31 December 2022 St. Athanasius Lutheran
Church
New Year’s Eve
Vienna, VA
New Year’s Eve Meditation
Text:
Psalm
90:1-12; Isaiah 30:8-17; Romans 8:31b-39; Luke 12:35-40
In the Name of Jesus. Amen.
Another year has passed. A New Year begins in
just a few hours now. A year, 12 months, 365 days, seems like such a long time.
Perhaps by some measures it is. But not to the Creator of
time. For Him, as the psalmist said, a thousand years in your
sight are but as yesterday when it is past.
That is comforting. We need a God big enough for
eternity. To a young child, Dad is big enough to protect her from all danger,
and Mom is caring enough to provide for every need. But then we become the Dad
and Mom, and we know there are dangers too big for us, cares we
cannot provide for. At such times, we need to be children again. Children of our heavenly Father. And know that we have a
refuge in Him. That He is our dwelling place.
That there is no danger too big, no care beyond His providing.
He knows what this coming year holds for us. The joys and the sorrows, the challenges and the successes.
We like to think we’re in control. We make plans and resolutions and try to
achieve our own versions of happiness. Perhaps you’d like to know what will
come this next year, get a glimpse into the future, prepare
for it. But that’s not for us to know. It is for us to trust our heavenly
Father as He leads us from age to age, from one year to the next. To rely on His Word and not despise it. To
grow in His Word and treasure it. To rest secure not in our knowledge,
but in His; not that we’re in control, but that He is.
But big can also be frightening. So while it is
comforting to have a God big enough for eternity, we also need a God small
enough for us to know, and who knows us. That is our God, too. Who became
small, the smallest of human beings in the womb of His mother. Who was then
born and received the protection of His father and the care of His mother. Who
grew as we do, and then died as we do.

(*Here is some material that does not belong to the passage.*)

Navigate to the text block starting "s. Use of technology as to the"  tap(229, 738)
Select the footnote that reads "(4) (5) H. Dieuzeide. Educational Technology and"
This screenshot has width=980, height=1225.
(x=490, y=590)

In every stage of life from beginning to
end, Jesus knows. So whatever happened this past year, and whatever will happen
next year, you have a Saviour who can and will
provide exactly what you need.
Which is what the apostle Paul also said to us
tonight, that if God did not spare His own Son but gave Him up for us
all, how will He not with Him graciously give us all things? Nothing
in all creation will be able to separate us from the love of God in
Christ Jesus our Lord.
So we have a God who is both little and big.
Little enough to spend time with widows and lepers, but big enough to cleanse
them and help them. Little enough to eat and drink with tax collectors and
sinners, but big enough to feed over five thousand with five small loaves of
bread and two fish. Small enough to pray, but big enough to
hear our prayers. That’s the God we need, and the God we have.
So we end one year and remember all that our Lord
has done for us, and we begin a New Year with the confidence that what He has
done He will do. We will be well cared for, even, or especially, if it turns
out to be a particularly difficult year. We end the year hearing Him speak to
us in His Word, and we speak back to Him in prayer. This is exactly the right
place and the right way to end one year and begin another.
But not just on this night, because as Luke
reminded us tonight, our Lord is coming back for us. There may not be another
New Year, a 2024. Or there may be, but not for you or me. I received word just
this morning of a pastor who died suddenly and unexpectedly. You undoubtedly
saw on the news the death of the former Roman Pope. Man knows not His time. So
we need to be ready for whenever that time comes for us. To not be lured into
thinking we have many more years - we may not. Not here, anyway. But we have an
eternity to spend with our Saviour.
So, the psalmist prayed, and we prayed, teach
us to number our days that we may get a heart of wisdom. That is a
heart filled with Jesus. A heart filled with His forgiveness for my sin,
His Word for my path, His love to overcome my fears, and His life to overcome
my death. And when He comes again - when it is not a crystal ball dropping in
New York City, but a Saviour descending in glory - we
will be among the throngs of faithful waiting for Him and rejoicing at His
coming.
In the Name of the Father, and of the (+) Son, and of the Holy Spirit. Amen.